All of this requires significant oversight and leadership from you, as the lawyer, including providing clear guidelines and frameworks at the outset and developing clear and complete processes governing data decisions. This will significantly streamline the entire modeling process and facilitate meaningful dialogue between attorneys and data scientists.
As noted prior, data selection and model tuning decisions made by data scientists are based on objective function of accuracy. However, these decisions can also be tested for functions like fairness and compliance crucial to a lawyer. So, collaborate with your data scientists to create processes to test models and tunings — not just for accuracy but also for fairness. When the data scientists start utilizing a new data source, encourage them to keep fairness in mind as they look for tweaks and improvements.
“You can’t improve (or manage) what you don’t measure.”
While your work as an attorney requires qualitative analysis and review, some of that review can be quantified. Fairness can be measured, and it just so happens that your data scientists are exceptional at measurement and quantification. Work with them to build and implement tools that help you conduct fairness audits of the models they develop.
Building tools and metrics like these will help your data scientists incorporate and internalize your objective function, providing clear visibility into how fair and compliant the models they develop are over time. They’ll start to notice issues that impact fairness and develop best practices to maximize fairness in addition to accuracy. Additionally, you may discover ideas for new approaches to minimize unfairness while continuing to maximize accuracy.
There is also the opportunity for synergy here: Tools built to monitor and enhance fairness may also be useful for gaining insights for improving accuracy. For example, explainable AI (xAI) is one set of tools that data scientists use to illuminate the black box of machine learning models. Data scientists typically use these tools to investigate which variables (or collections of variables) are important for the accuracy of their models. But there is no reason these same tools can’t also be used to investigate which variables are leading to unfairness.

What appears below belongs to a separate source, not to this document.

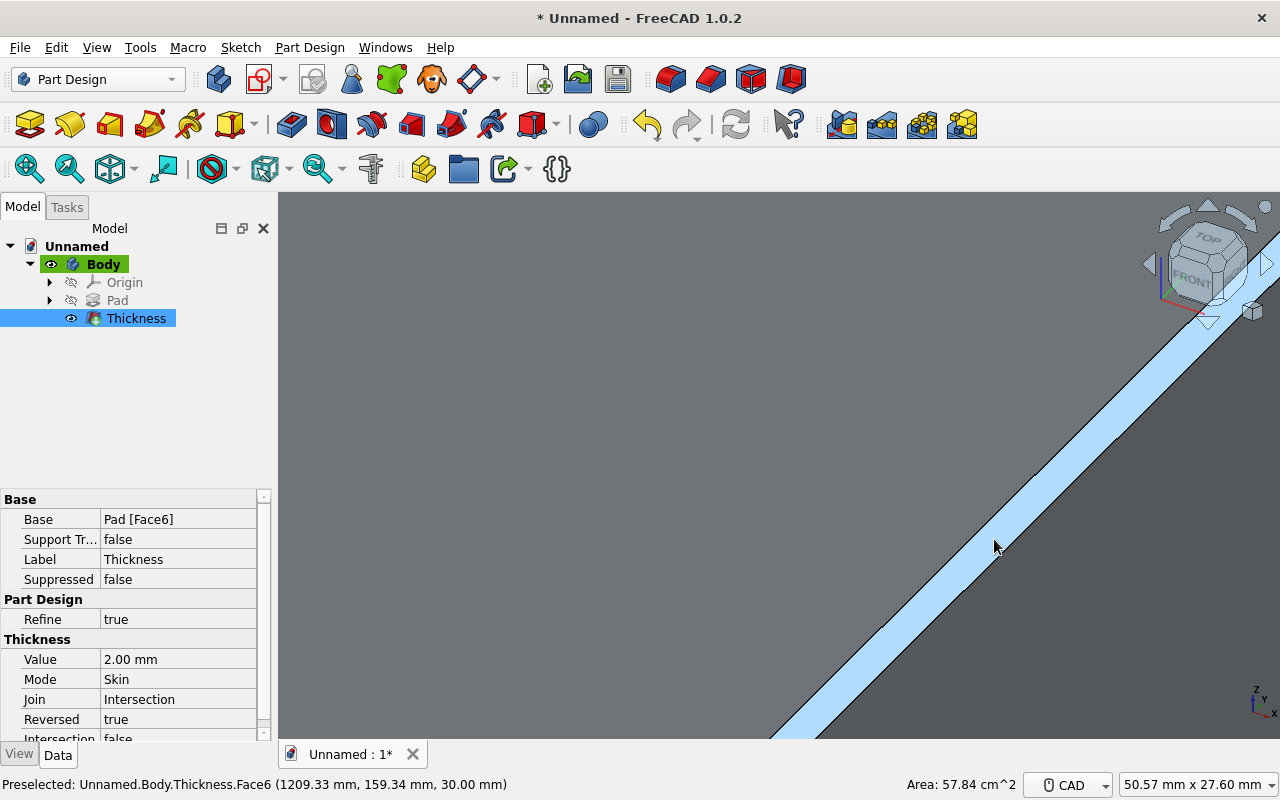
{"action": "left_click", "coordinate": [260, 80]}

Furthermore, it may be possible to gain a deeper understanding of which sets of variables result in models that meet both of your objective functions — models that are both fair and accurate.

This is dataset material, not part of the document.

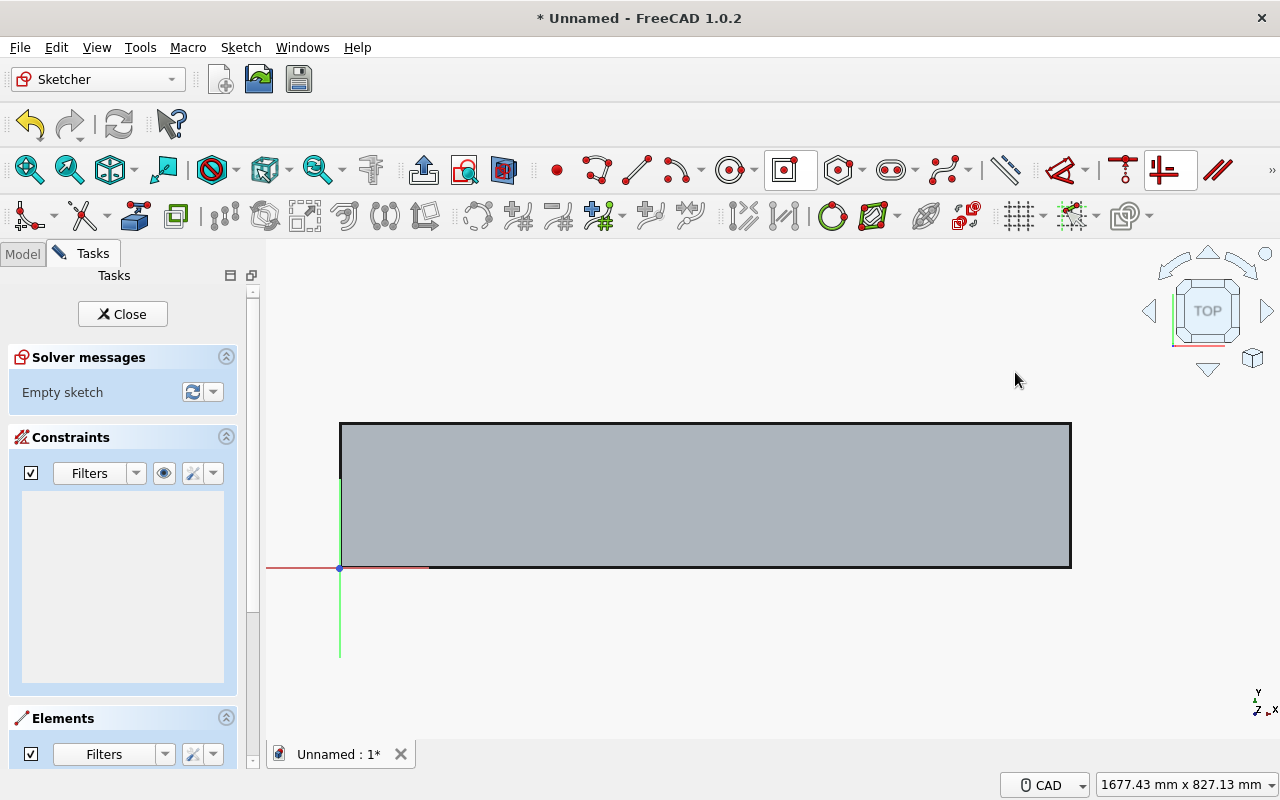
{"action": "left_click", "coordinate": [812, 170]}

Businesses, governments, researchers and society as a whole need models that are ethical while providing powerful insights at the same time. That is when real value is unlocked.
Lawyers and data scientists must work together effectively and efficiently, understanding and appreciating one another — that’s how we achieve this.
Learning about and openly communicating the importance of objective functions is crucial to working together and to finding innovative ways to optimize both.